[ASSIGNMENT]: Exactly the lines from the beginning of the records to the line with "#4 water shoe [164,0,259,37]", both ends included, are to be given again, and pictures are to be left out.

Stored dataset items:

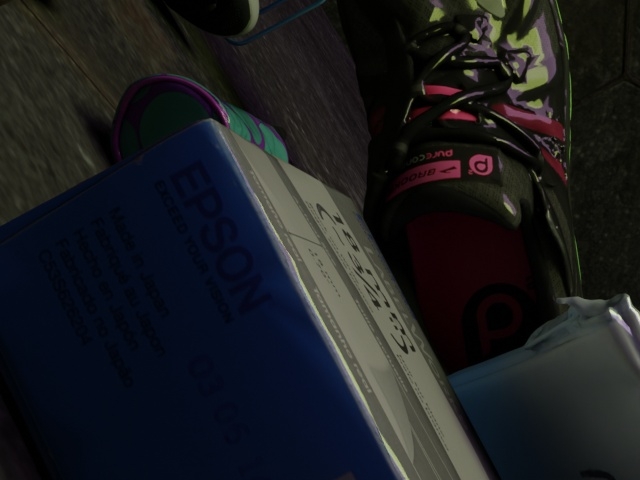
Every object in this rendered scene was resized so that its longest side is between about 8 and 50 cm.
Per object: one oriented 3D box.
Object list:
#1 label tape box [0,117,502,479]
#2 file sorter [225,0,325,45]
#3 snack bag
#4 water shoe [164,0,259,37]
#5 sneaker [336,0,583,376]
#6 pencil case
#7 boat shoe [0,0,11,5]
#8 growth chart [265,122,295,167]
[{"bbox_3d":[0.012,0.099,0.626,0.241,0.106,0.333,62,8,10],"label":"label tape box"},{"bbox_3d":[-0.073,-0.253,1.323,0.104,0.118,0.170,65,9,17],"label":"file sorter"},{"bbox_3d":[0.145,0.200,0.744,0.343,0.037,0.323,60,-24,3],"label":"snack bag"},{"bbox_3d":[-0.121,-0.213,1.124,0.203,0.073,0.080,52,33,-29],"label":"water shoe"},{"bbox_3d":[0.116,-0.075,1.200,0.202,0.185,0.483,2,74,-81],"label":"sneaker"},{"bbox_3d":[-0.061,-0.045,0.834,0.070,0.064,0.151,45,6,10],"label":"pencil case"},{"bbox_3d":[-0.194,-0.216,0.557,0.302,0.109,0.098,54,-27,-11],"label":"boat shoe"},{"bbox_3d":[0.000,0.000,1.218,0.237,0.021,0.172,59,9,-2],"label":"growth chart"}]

[EXERCISE RESULT]:
Every object in this rendered scene was resized so that its longest side is between about 8 and 50 cm.
Per object: one oriented 3D box.
Object list:
#1 label tape box [0,117,502,479]
#2 file sorter [225,0,325,45]
#3 snack bag
#4 water shoe [164,0,259,37]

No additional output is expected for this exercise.